In classic scene-surveying fashion, this 20-song double LP compilation serves to document the hub of activity surrounding Montreal venue Drones Club. Mike Wright of Each Other and Greg Napier of Sheer Agony/Special Noise/Museum Pieces/etc. launched their label in March with Nap Eyes’ heartrending Whine of the Mystic, and have stepped up even further with this front-to-back stacked sonic time capsule. Fellow Halifax expats abound, from Monomyth’s seasick psych-pop to the jangular pomp of Sheer Agony, Hand Cream’s ear-scratching anthemia, playful bounce of People Tanning, and a posthumous cut from the late, great Play Guitar. Sights are set westward with a haunted highlight from Victoria’s Freak Heat Waves and the deconstructed Flegel rock of Calgary’s Un Blonde, yet these ships have since set sail for Montreal as well.
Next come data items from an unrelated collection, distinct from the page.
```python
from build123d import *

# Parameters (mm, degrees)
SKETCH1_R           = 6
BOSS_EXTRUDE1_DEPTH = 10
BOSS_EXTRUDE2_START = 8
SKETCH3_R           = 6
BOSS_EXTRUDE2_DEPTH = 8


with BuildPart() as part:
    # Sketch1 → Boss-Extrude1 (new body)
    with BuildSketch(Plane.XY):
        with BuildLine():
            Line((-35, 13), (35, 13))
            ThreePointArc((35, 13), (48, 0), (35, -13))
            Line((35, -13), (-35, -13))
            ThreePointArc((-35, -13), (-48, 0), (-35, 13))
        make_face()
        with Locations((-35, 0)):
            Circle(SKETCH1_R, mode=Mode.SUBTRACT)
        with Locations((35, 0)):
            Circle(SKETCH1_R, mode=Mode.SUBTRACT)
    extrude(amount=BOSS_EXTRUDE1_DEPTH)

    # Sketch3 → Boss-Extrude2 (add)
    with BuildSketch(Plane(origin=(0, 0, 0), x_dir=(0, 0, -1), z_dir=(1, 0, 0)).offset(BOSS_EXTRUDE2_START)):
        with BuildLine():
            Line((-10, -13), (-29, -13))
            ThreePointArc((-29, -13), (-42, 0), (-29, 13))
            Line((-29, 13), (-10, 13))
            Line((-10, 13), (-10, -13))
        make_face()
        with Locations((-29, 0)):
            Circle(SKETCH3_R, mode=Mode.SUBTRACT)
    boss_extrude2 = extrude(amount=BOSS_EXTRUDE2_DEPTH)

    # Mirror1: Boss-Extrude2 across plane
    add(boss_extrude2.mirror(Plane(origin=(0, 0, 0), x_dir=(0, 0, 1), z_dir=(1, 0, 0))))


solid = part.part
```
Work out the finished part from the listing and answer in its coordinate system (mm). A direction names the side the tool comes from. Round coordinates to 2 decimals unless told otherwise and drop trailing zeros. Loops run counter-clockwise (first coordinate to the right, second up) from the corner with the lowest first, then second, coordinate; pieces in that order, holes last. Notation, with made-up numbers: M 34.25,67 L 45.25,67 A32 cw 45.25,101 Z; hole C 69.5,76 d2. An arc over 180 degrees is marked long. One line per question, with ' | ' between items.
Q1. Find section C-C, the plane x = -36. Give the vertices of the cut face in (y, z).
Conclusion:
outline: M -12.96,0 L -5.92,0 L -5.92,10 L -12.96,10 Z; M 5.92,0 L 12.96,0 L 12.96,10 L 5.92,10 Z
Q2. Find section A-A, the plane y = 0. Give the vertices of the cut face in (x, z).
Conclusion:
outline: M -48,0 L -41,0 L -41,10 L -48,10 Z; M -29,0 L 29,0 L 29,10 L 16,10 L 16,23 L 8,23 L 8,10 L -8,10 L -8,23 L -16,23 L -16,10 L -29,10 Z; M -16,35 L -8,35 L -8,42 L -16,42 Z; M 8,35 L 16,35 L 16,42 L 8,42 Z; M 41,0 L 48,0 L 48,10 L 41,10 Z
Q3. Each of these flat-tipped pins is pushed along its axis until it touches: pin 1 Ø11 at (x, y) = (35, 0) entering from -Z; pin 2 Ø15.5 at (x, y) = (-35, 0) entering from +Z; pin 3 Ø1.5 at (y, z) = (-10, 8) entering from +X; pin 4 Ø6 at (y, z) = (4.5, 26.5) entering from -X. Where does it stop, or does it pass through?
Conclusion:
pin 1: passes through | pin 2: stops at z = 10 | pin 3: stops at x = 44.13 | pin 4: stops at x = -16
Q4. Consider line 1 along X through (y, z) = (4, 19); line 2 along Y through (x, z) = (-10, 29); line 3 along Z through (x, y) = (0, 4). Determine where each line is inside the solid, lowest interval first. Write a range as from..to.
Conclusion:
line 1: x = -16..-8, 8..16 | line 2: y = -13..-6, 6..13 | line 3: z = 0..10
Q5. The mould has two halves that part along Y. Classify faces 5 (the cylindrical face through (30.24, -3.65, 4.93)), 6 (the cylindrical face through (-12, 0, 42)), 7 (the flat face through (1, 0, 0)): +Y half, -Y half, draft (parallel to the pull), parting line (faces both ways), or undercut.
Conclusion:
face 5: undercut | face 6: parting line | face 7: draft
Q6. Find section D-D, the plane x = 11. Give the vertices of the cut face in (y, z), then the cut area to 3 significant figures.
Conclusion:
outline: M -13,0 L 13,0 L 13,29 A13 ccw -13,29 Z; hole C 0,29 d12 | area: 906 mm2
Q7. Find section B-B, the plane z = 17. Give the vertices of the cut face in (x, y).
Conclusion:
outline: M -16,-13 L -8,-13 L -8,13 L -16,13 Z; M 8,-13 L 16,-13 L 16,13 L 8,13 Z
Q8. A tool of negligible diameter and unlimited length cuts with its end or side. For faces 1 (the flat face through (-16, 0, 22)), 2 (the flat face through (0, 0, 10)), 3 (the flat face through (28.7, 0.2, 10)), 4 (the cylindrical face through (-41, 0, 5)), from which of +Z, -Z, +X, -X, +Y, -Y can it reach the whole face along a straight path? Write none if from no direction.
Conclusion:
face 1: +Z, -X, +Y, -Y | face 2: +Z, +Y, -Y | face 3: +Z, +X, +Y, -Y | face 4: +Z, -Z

Both members of Tonstartssbandht make an appearance in their solo guises, with Andy Boay’s stereo-panning “Nightmare” and Eola’s hovering “Hibernia at Down” leaving lasting impressions. The Fixture Records stable is repped by the meticulous moves of Freelove Fenner, slinky grooves of Homeshake, and subtle shapes of the perpetually underrated Brave Radar. Tucked away on side D but not forgotten, Mozart’s Sister offers another surprise standout with the quivering beauty of a missed connection. Meet the Factory is 2014’s bizarro world Big Shiny Tunes. (JL)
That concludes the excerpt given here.